Vítima deve prestar depoimento sobre o caso até a quarta-feira (23), na Delegacia de Polícia Civil de Parnaíba.
Joelma Figueiredo, de 23 anos, denuncia racismo e lesbofobia no litoral do Piauí Joelma Figueiredo A chapeira Joelma Figueiredo, que denunciou nas redes sociais ter sido vítima de racismo e lesbofobia em Parnaíba, no litoral do Piauí, registrou um boletim de ocorrência na Delegacia de Polícia Civil do município, na última quinta-feira (17).
De acordo com a advogada da vítima e presidente da Subcomissão da Diversidade Sexual e de Gênero, da Ordem dos Advogados do Brasil Seccional Piauí (OAB-PI), Mayara Portela, o depoimento de Joelma está previsto para a quarta-feira (23).
“Na delegacia, a Joelma deu as primeiras declarações sobre o caso.
Ela ainda não estava confortável pra prestar depoimento, continua abalada com a situação.
Cada vez que tocam no assunto, tocam na ferida dela.
O delegado consentiu e combinamos que ela retornará outro dia, para ser ouvida de forma mais atenta e completa”, comentou a advogada Mayara Portela.
A advogada ressaltou que os ataques pelas redes sociais são considerados crimes e existe legislação que prevê punições.
As investigações devem prosseguir, com o intuito de identificar o responsável pelas mensagens, por meio do número de telefone utilizado.
Relembre o caso Funcionária de restaurante denuncia racismo e lesbofobia em mensagens de cliente: ‘hambúrguer poderia ser feito por outra pessoa?’ Arquivo Pessoal Joelma Figueiredo, de 23 anos, trabalha como chapeira em um restaurante de Parnaíba.
No dia 12 de março deste ano, a jovem denunciou ter sido vítima de racismo e lesbofobia após um cliente recusar, por mensagens, um pedido preparado pela mulher negra e lésbica.
“Desculpe a pergunta, mas meu hambúrguer poderia ser feito por outra pessoa?

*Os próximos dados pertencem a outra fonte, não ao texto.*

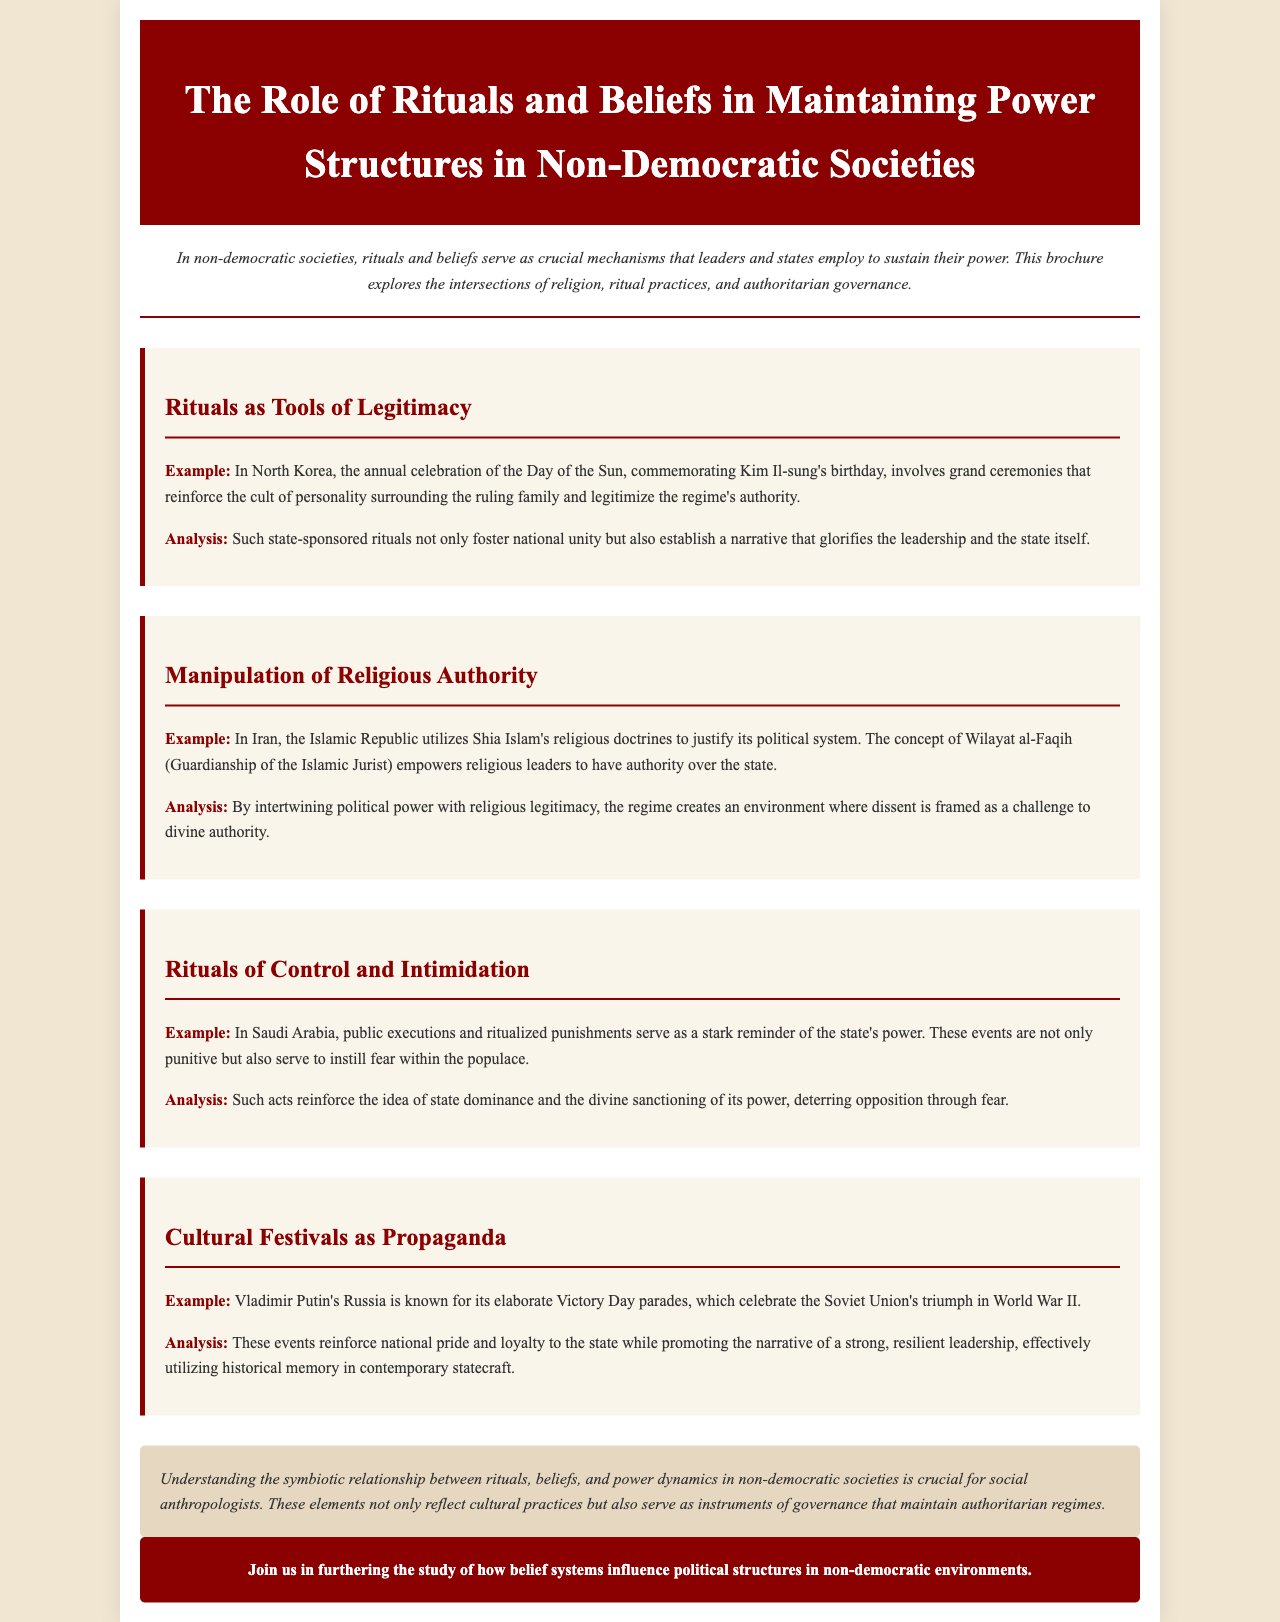What is the title of the brochure? The title is specified in the header of the document.
Answer: The Role of Rituals and Beliefs in Maintaining Power Structures in Non-Democratic Societies What annual celebration is mentioned in North Korea? The example given highlights a specific event related to leadership legitimacy.
Answer: Day of the Sun What doctrine does the Iranian regime use to justify its political system? This doctrine is central to the regime's authority and is mentioned in the context of religious authority.
Answer: Wilayat al-Faqih What type of punishments are carried out in Saudi Arabia? The document provides an example of a specific practice used for control.
Answer: Public executions What significant historical event does Putin's Russia commemorate with parades? The example highlights a specific historical event used for state propaganda.
Answer: World War II How do public executions serve the state? The analysis explains the purpose behind certain rituals in maintaining power.
Answer: Instill fear What is identified as a primary purpose of cultural festivals in non-democratic societies? The analysis within the document summarizes the role of these festivals.
Answer: Propaganda What critical relationship is highlighted in the conclusion? The conclusion summarizes the interactions mentioned throughout the brochure.
Answer: Rituals, beliefs, and power dynamics 
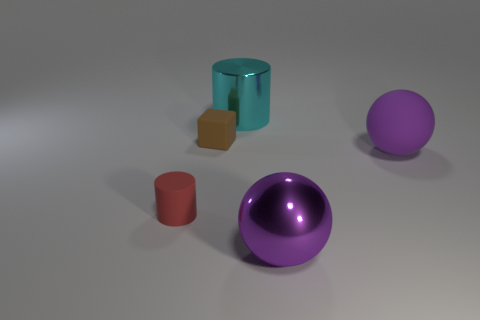Add 3 tiny matte cylinders. How many objects exist? 8 Subtract all cylinders. How many objects are left? 3 Add 2 small matte things. How many small matte things are left? 4 Add 4 large brown cubes. How many large brown cubes exist? 4 Subtract 0 blue cylinders. How many objects are left? 5 Subtract all small brown objects. Subtract all shiny cylinders. How many objects are left? 3 
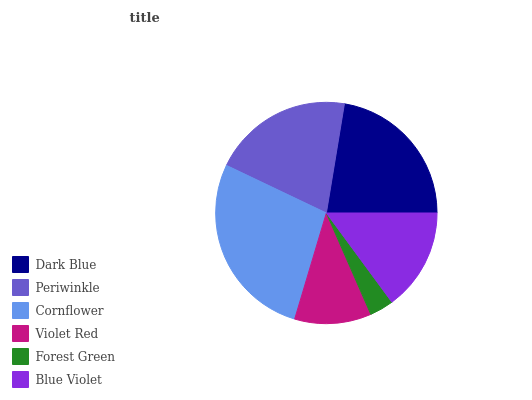Is Forest Green the minimum?
Answer yes or no. Yes. Is Cornflower the maximum?
Answer yes or no. Yes. Is Periwinkle the minimum?
Answer yes or no. No. Is Periwinkle the maximum?
Answer yes or no. No. Is Dark Blue greater than Periwinkle?
Answer yes or no. Yes. Is Periwinkle less than Dark Blue?
Answer yes or no. Yes. Is Periwinkle greater than Dark Blue?
Answer yes or no. No. Is Dark Blue less than Periwinkle?
Answer yes or no. No. Is Periwinkle the high median?
Answer yes or no. Yes. Is Blue Violet the low median?
Answer yes or no. Yes. Is Blue Violet the high median?
Answer yes or no. No. Is Forest Green the low median?
Answer yes or no. No.

Lanchei aí na quarta-feira e vi que meu hambúrguer foi feito por uma pessoa que não é do meu agrado.
Ela é lésbica e negra, entenda meu lado.
A imagem de vocês em primeiro lugar”, diz o cliente em mensagens.
Ao g1, a vítima relatou que outra funcionária estava responsável pelo atendimento de clientes nas redes sociais.

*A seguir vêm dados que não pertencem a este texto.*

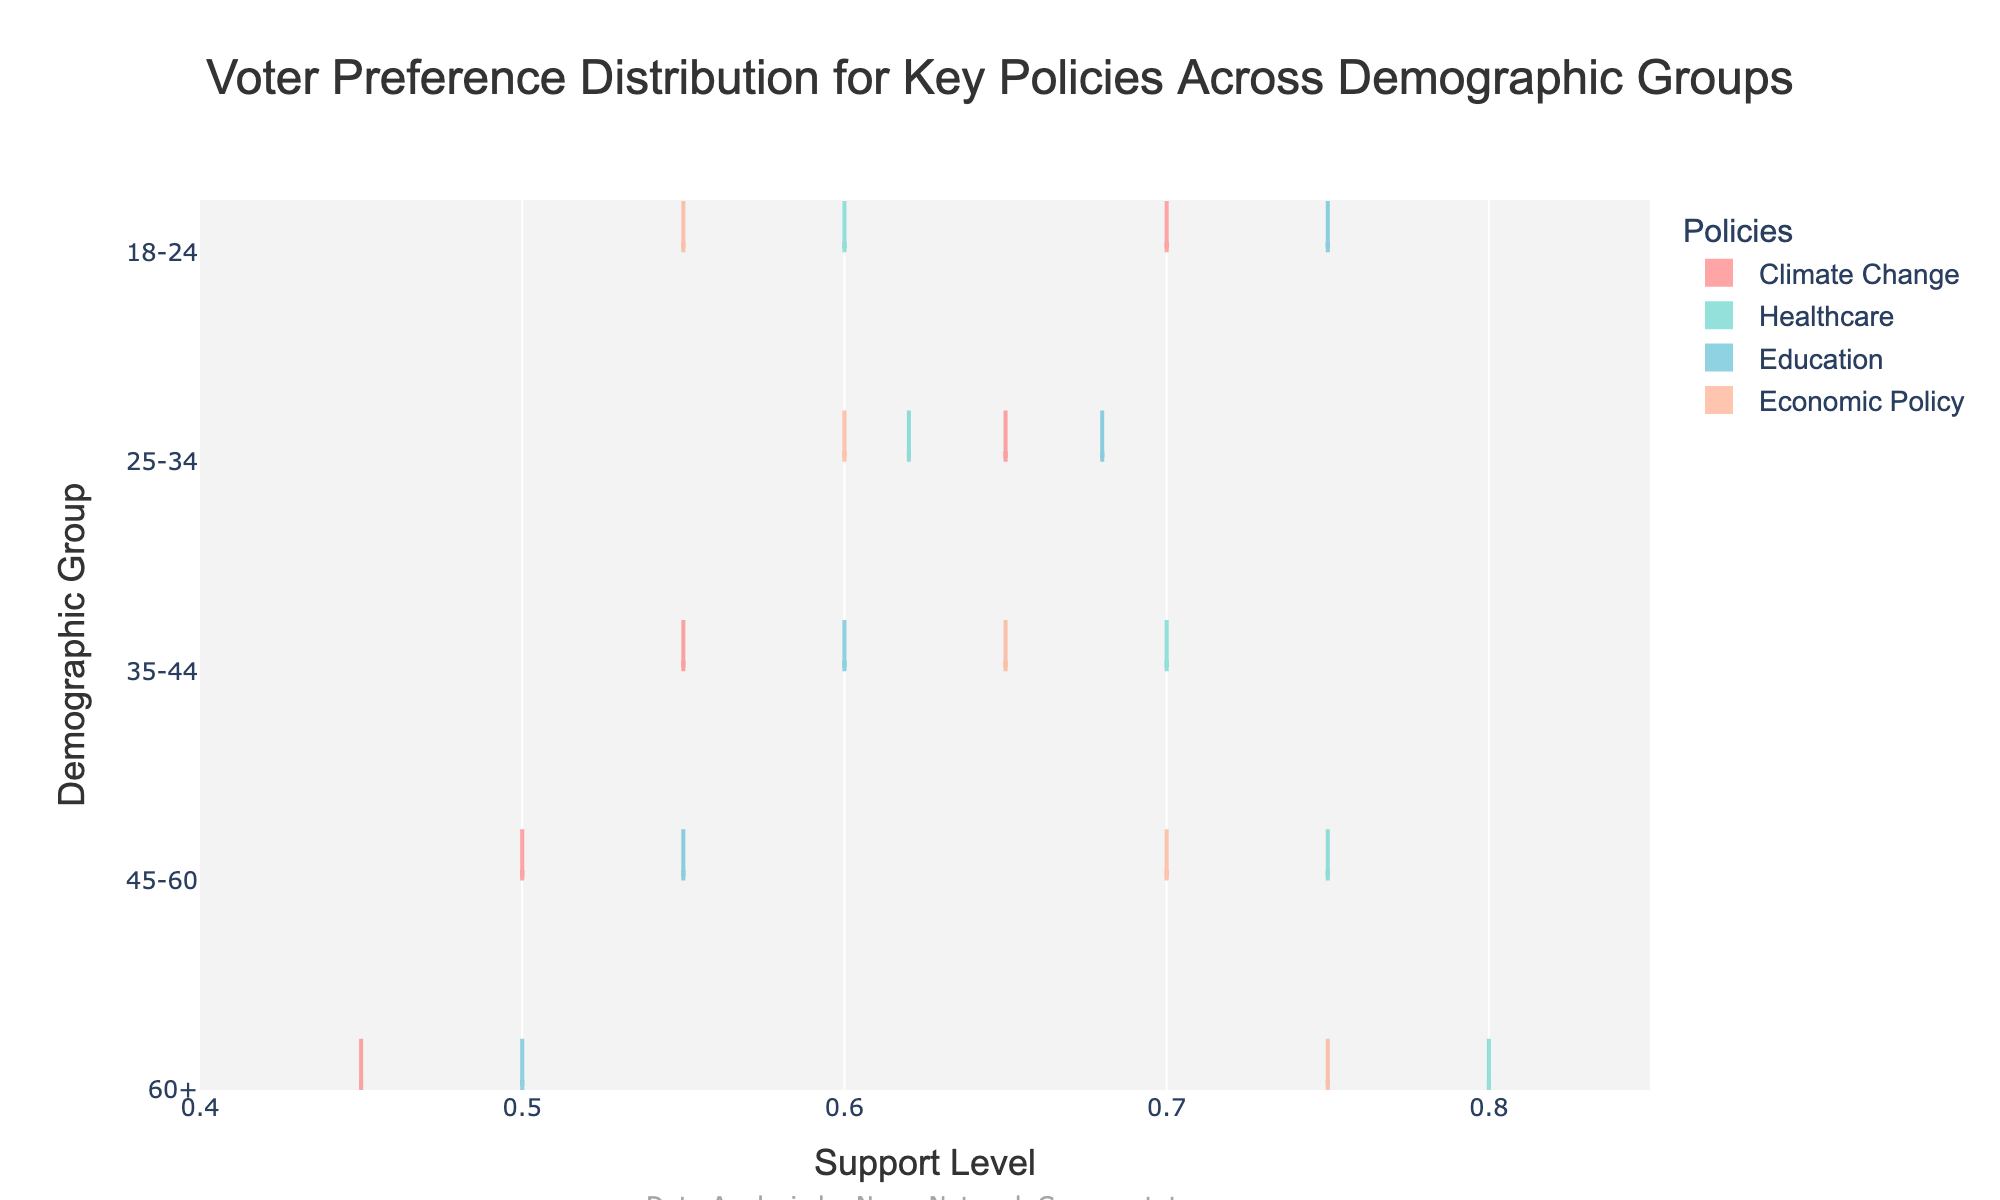What is the title of the plot? The title of the plot is typically written at the top of the figure. Here, it reads "Voter Preference Distribution for Key Policies Across Demographic Groups."
Answer: Voter Preference Distribution for Key Policies Across Demographic Groups What is the range of support levels displayed on the x-axis? The x-axis is labeled with 'Support Level' and marked with tick labels from 0.4 to 0.85. This indicates that the support levels range from 0.4 to 0.85.
Answer: 0.4 to 0.85 Which demographic group shows the highest support level for healthcare? To identify the highest support level for healthcare, look at the healthcare violin plot and check which demographic group's horizontal position extends furthest to the right. 60+ shows the highest support level at 0.80.
Answer: 60+ What is the average support level for climate change across all demographic groups? Add the support levels for climate change across all groups (0.70 + 0.65 + 0.55 + 0.50 + 0.45) and divide by 5: (0.70 + 0.65 + 0.55 + 0.50 + 0.45) / 5. The sum is 2.85 and the average is 2.85 / 5.
Answer: 0.57 Which demographic group has the smallest support level range in any of the policies displayed? To find the smallest range, observe the width of the violin plots for each group and policy. Here, each individual's range is the same since individual points aren't shown, but the violin width suggests the variability of each group. The 18-24 group shows fairly narrow bands except for education.
Answer: 18-24 Comparing the support level for healthcare between the 25-34 and 45-60 groups, which one is higher? Compare the support level of 0.62 for the 25-34 group and 0.75 for the 45-60 group. The 45-60 group has a higher support level.
Answer: 45-60 Is the support level for education more consistent within the 35-44 group or the 18-24 group? To check consistency, observe the spread of the violin plots for education for these groups. The 35-44 group’s violin appears narrower and more consistent compared to the 18-24 group.
Answer: 35-44 What pattern do you observe about the support for economic policy as the demographic groups age? Examining the economic policy violins, support levels appear to increase with age. Starting from 0.55 in the 18-24 group to 0.75 in the 60+ group.
Answer: Increases with age What is the trend in support for climate change from the 18-24 group to the 60+ group? Observe all five demographic groups for the climate change policy. The support level decreases from 0.70 in the 18-24 group to 0.45 in the 60+ group.
Answer: Decreases with age

Ao receber as mensagens ofensivas, a mulher alertou Joelma, que acompanhou o restante da conversa.
“Tipo de clientes como você não fazemos a mínima questão em nosso estabelecimento.
Que o senhor fique sabendo que a ‘negra e lésbica’ é a melhor chapeira da cidade.
Vamos na delegacia registrar um B.
O.
[boletim de ocorrência] contra você”, respondeu a atendente.
Funcionária de restaurante denuncia racismo e lesbofobia em mensagens de cliente: ‘meu hambúrguer poderia ser feito por outra pessoa?’ Arquivo Pessoal “Eu sei, mas sou cliente e devo dar minha opinião e sou sim preconceituoso e racista.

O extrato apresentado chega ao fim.